# my coolpix l100 sd card



## oinkit1992 (Jun 11, 2013)

Hello I am new to the forum and need help like there is no tomorrow  I have a coolpix l100 and inside it i have a lexar 128MB sd card. all of my pictures i took from the past are ruined with strange colors over them and anytime i try to delete one or just take a new picture it says "card cannot be read" so i tried to format the card with the camera and it says it works but it does not so i tried to format it on my computer (vaio laptop) and my computer says it is unale to format the card. i checked and the card is not locked and i have no idea what to do. anyone have any ideas??


----------



## yustr (Sep 27, 2004)

Welcome to TSF. We're glad you found us. :thumb:

Sounds like the card is corrupt and probably not worth any additional effort. Especially as SD cards are dirt cheap - available at almost any store.


----------



## oinkit1992 (Jun 11, 2013)

thats exactly what i was hoping wasnt the problem. how does a sd card get corrupt? that was i can avoid it happening again.  thank you


----------



## yustr (Sep 27, 2004)

They're actually wonders of electronic magic. Given that they're being stamped out like chocolate chips at the Nestle factory - it's really a surprise they don't fail much more often. 

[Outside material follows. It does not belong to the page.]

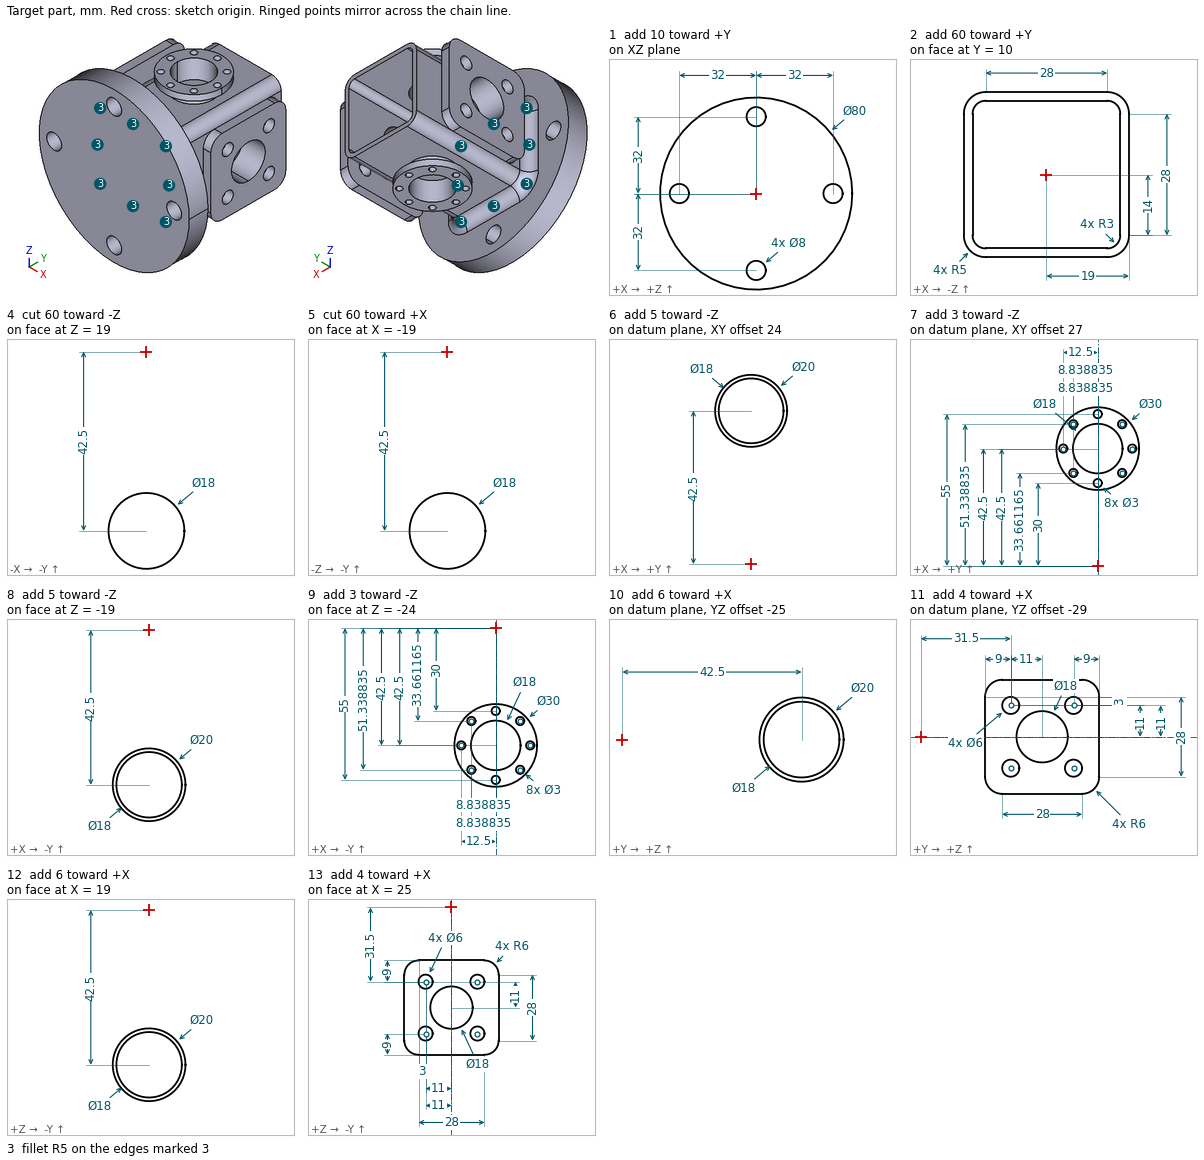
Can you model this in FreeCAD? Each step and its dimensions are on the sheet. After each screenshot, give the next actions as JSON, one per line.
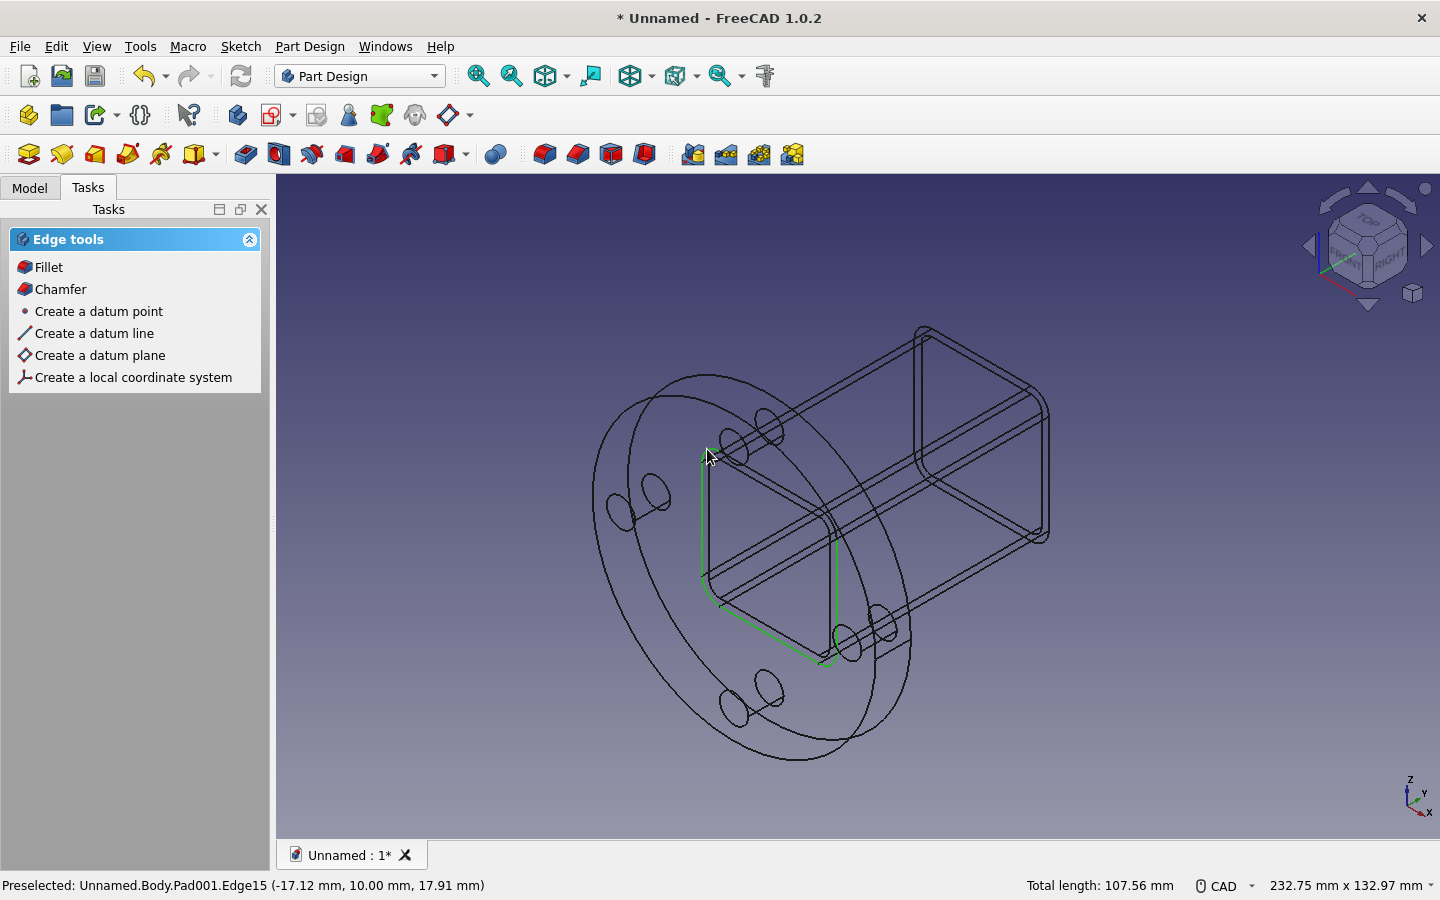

I don't know how they get corrupted. But it's probably unique to the card not your camera.


----------



## WereBo (Apr 5, 2008)

Hi oinkit1992 and welcome to the Photographers Corner :wave:

Considering some of the internal connections on the card are often just a few atoms wide, it's surprising they last as long as they do - Sadly, if the wrong bit fails, the contents are lost forever :sigh:

If both the camera and laptop can't read/format the card, then it's unrepairable - All that can be done is to replace it. Your camera can use up to 16Gb cards, so any of the 'branded' names will do.


----------